Wednesday, January 2, 2013

I know what God Looks Like

My daughter when she was about 7 told me casually one day:  "I know what God looks like".   "Oh," I said like one who has had a butterfly land on them and does not want to scare it away by to quickly moving, "what does God look like?"  She calmly described for me something that had happened when she was about three, a time when we were camping right down at the ocean's edge.  The water coming up to about two feet below us during the night, and then in the morning it was low tide and it was also foggy.  As we walked along in the fog we could find marvelous things: starfish and barnacles now exposed on big rocks,  little fish caught in tide pools, objects washed up in the night by waves.  There was a mysterious, magical and yes mystical nature to that moment.  And this moment was the one my daughter now described and then pronounced:  "That is what God looks like"  

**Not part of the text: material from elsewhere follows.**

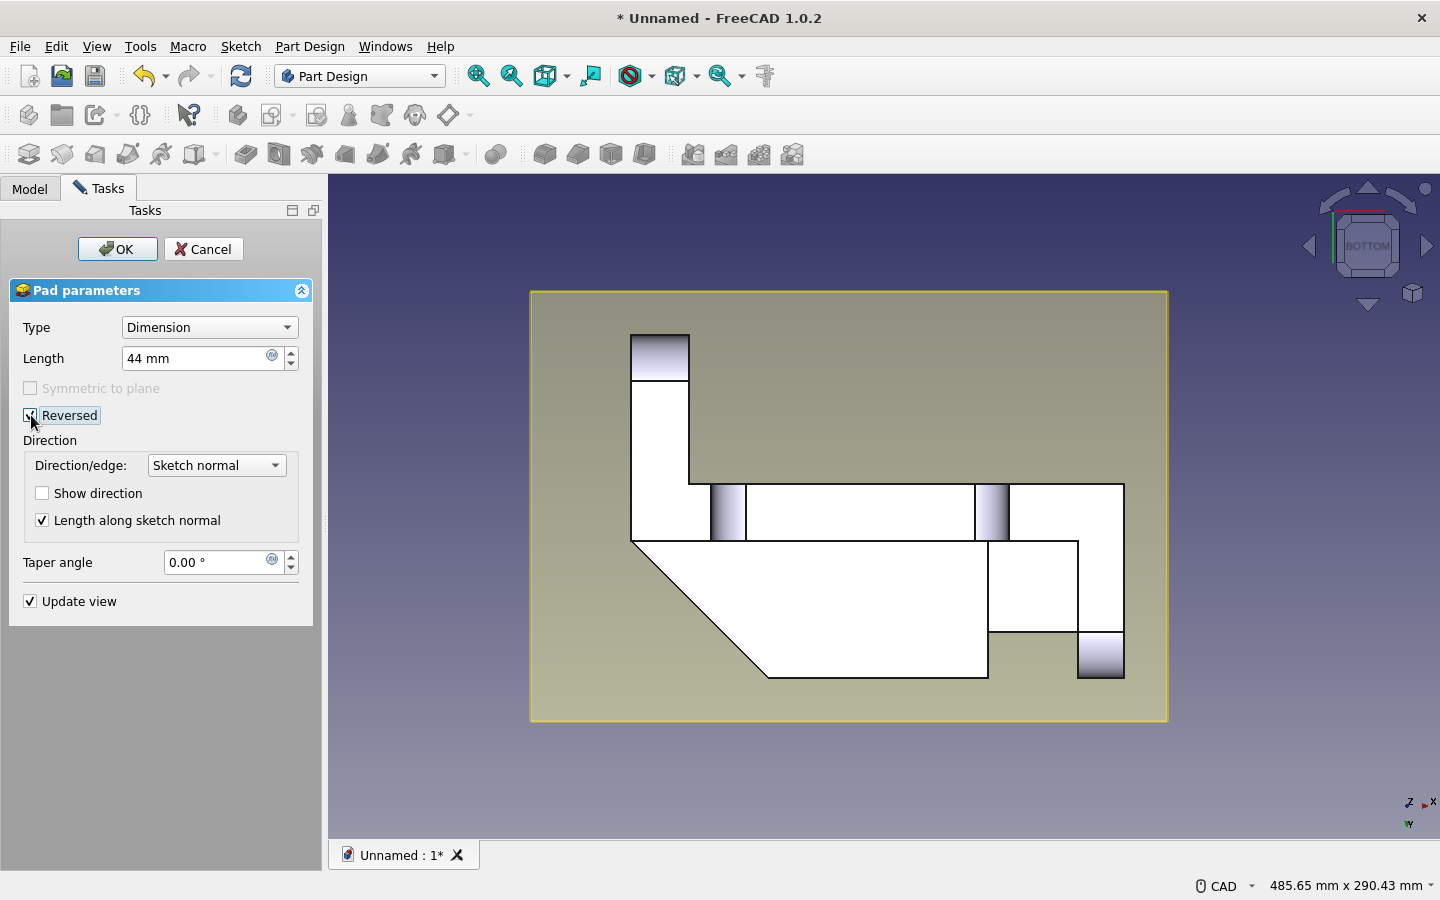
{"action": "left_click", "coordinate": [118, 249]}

There are parents somewhere who would have felt the need to explain that that was just "low tide", or to say that there was nothing to see, or to tell them instead about Jesus Christ, or Allah, or to otherwise deny or argue with their child's spiritual experience.  Who is to say that children do not see God more clearly, easily and with less distortion than adults?  For me it was important to simply validate her spiritual experience.  I simply said: "Yes that is what God looks like?"  She has grown up into a young woman who is confident of her relationship with The Holy Mystery and able to tune in to the Inner Voice.

I remember a client of mine who sees auras, telling me that when she was young she tried to describe this to her parents, and they made her feel so crazy for this that first she stopped telling them, and then she stopped noticing herself, till as an adult she had to work hard to reconnect to her ability to perceive spiritual energies.

How were your spiritual experiences or instincts responded to by adults around you?
How do you nurture the spirituality of children around you?
Do you believe that people of all ages can experience the Divine?
What if the Divine does not look the way we think that God should look?